I really like these! I have to admit to being a novice when it's comes to props.. how did you achieve the texture on these?


----------



## cerinad (Jun 23, 2008)

IowaGirl said:


> I really like these! I have to admit to being a novice when it's comes to props.. how did you achieve the texture on these?


That is Great Stuff Foam insulation . I sprayed it on and when it was almost dry then I drug a stick through it.


----------



## cerinad (Jun 23, 2008)

Here they are finished finally... I put a chain in between them because it is looking like i wont have time to make a gate this year as i still have a million things to do.


----------



## Bone Dancer (Oct 7, 2005)

Very nice, the texture is amazing, very scary.
How big are they? How many cans of great stuff did it take? What did you use for a base to start from.


----------



## RoxyBlue (Oct 6, 2008)

The embedded skellies are a fantastic touch. Well done.

Are these more portable than they look?


----------



## spideranne (Jul 17, 2006)

Looks awesome! I've been so wanting columns and this is a look that I really like, might just be stealing this idea.


----------



## cerinad (Jun 23, 2008)

Feel Free to steal away! They are concrete forms. I braced them using 4 1x2 in two seperate sections for ease of setting up and breaking down. The 2 sections are 3.5 ft each. Overall they are 7 foot tall without the arch. They are not heavy just a little hard to handle as they are pretty wide. It took (get ready) 22 cans of great stuff for both columns. That was the most expensive part. I made many of trips to Home Depot because i did not think it would take so many cans. All in all they took me about a week to finish them if you add it allup as I was working on other projects. Thanks Guys for all the kind words!


----------



## Cassie7 (Sep 16, 2007)

Yes, I'd love to know what the base/armature is made of also.

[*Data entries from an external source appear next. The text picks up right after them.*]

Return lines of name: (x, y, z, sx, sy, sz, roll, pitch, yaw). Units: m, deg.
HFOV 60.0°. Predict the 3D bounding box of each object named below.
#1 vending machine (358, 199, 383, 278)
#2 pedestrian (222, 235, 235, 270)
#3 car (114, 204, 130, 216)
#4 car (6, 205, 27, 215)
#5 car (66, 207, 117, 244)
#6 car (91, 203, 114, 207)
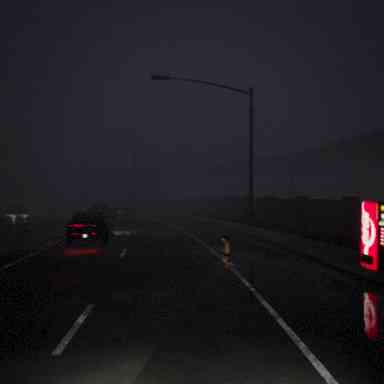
vending machine: (5.438, 1.247, 9.325, 1.100, 2.100, 0.880, 1, 0, -5)
pedestrian: (1.031, 1.737, 9.887, 0.500, 1.100, 0.500, -1, 0, -6)
car: (-9.357, 2.248, 42.700, 2.128, 1.511, 4.902, 0, -1, -24)
car: (-26.033, 2.593, 49.330, 1.812, 1.442, 4.674, 0, -2, -41)
car: (-5.092, 1.706, 16.975, 1.837, 1.490, 4.892, 0, -1, -9)
car: (-9.518, 1.936, 33.947, 2.097, 1.767, 4.553, 0, -1, -19)
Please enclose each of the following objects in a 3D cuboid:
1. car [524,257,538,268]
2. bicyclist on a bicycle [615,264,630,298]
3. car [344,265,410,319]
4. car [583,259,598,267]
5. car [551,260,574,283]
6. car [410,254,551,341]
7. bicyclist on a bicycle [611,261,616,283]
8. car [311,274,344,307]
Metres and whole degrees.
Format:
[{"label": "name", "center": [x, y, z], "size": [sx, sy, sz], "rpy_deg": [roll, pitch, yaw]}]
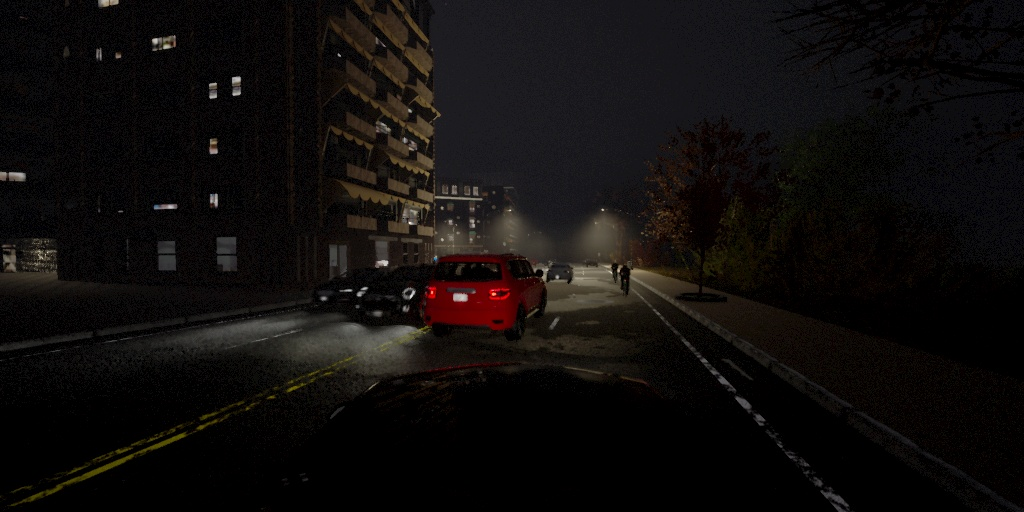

If you're making props of this magnitude, I highly suggest you make yourself a vacuum former. Look it up on youtube, they're really easy to make and you can knock out skulls and bones for pennies opposed to using pricey blowmold bluckys. Making a vacuum former is first on my to-do list this November.


----------



## ScreamingScarecrow (Oct 1, 2008)

Great Stuff!!!


----------



## cerinad (Jun 23, 2008)

Cassie7 said:


> Yes, I'd love to know what the base/armature is made of also.
> 
> If you're making props of this magnitude, I highly suggest you make yourself a vacuum former. Look it up on youtube, they're really easy to make and you can knock out skulls and bones for pennies opposed to using pricey blowmold bluckys. Making a vacuum former is first on my to-do list this November.


Thanks! i am definetly going to do one of these! Also the form is shipping tubes that we get metal trim delivered to our jobs. They are basically like concrete forms only wider. On a side note if you used the actual concrete forms at Home depot i am sure that it would take a lot less Great Stuff.


----------



## ghostokc (Nov 11, 2008)

Awesome!


----------



## slightlymad (May 25, 2006)

Nice to know i am not the only one who uses a pool ladder. Nice work


----------